MATTHEW, Tobias (1577-1655), of London.

Published in The History of Parliament: the House of Commons 1558-1603, ed. P.W. Hasler, 1981
Available from Boydell and Brewer

Constituency

Dates

Family and Education

b. 3 Oct. 1577, 1st s. of Tobias Matthew, dean of Christ Church, bp. of Durham 1595, abp. of York 1606, by Frances, da. of William Barlow, bp. of Chichester, wid. of Matthew Parker (s. of Matthew Parker, abp. of Canterbury). educ. Christ Church Oxf. 1590, BA 1594, MA 1597; G. Inn 1599. unm. Kntd. 1623.

Offices Held

Envoy to Spain with the Duke of Buckingham 1623.

Biography

‘Little pretty Tobie Matthew’ was a colourful personality, assessments of whom ranged from ‘a trifling courtier, too insignificant to serve any cause’, to ‘a polished gentleman, distinguished for learning, memory, sharpness of wit and sweetness of behaviour’. He spent his youth in diversions at court, suits in law and in frequenting plays and ‘worse places’, taking no pains but ‘to give myself pleasure enough’, but of his ability and learning there can be no doubt. His translation of The Confessions of St. Augustine first appeared in 1620 and remains in use to the present day.

At Oxford he won a high reputation as an orator and disputant. He made his début at court at the age of 18 when he appeared as the squire in a ‘device’, the dialogue of which was written by (Sir) Francis Bacon, whose subsequent friendship was one of the abiding influences in his life. It was for him that Bacon wrote his celebrated essay on Friendship, and once in a letter wrote of the ‘intireness’ between them, a quality of friendship which happily survived disagreements and long separations. Bacon, who on one occasion referred to Matthew as ‘to me another myself’, had the highest opinion of Matthew’s literary ability and Matthew, for his part, said of Bacon: ‘I passed my time with him in much gust, for there was not such company in the whole world’.

About 1596 Matthew began to suffer both from sickness and from bad relations with his father.
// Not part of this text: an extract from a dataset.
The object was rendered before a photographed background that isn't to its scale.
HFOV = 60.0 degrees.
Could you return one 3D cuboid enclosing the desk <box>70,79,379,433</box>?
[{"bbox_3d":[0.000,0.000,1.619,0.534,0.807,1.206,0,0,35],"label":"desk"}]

In 1598 he went to France where he stayed with a Catholic friend, named Throckmorton. When he returned he experienced a serious illness, probably mental, caused or aggravated by the continuing quarrel with his father, who called him ‘a reprobate, a castaway, an example above example of an irreverent and disobedient child’, and who dismissed the disorder as ‘hypocritical shows and melancholy illness’. Matthew was in Oxford at the time, attended by his good friend Dudley Carleton, who was anxious about the ‘violence of his disease’ and his being ‘broken with inward vexations’. Carleton tried to intercede with the father, but the ‘barbarous bishop’ sent only ‘unnatural replies’. Though the parental displeasure had abated by the summer of 1598, father and son were never again on easy terms for long, and Matthew was eventually disinherited.

At Gray’s Inn Matthew displayed an interest in politics and public affairs, and the court opponents of the Cecils frequented his father’s London house. It is not clear how he came to be returned to Parliament for a Cornish borough in 1601. In 1604 it would have been with Bacon’s help. But it was not his ambition to become a Parliament man. He had begun to look across the channel, in particular to Italy.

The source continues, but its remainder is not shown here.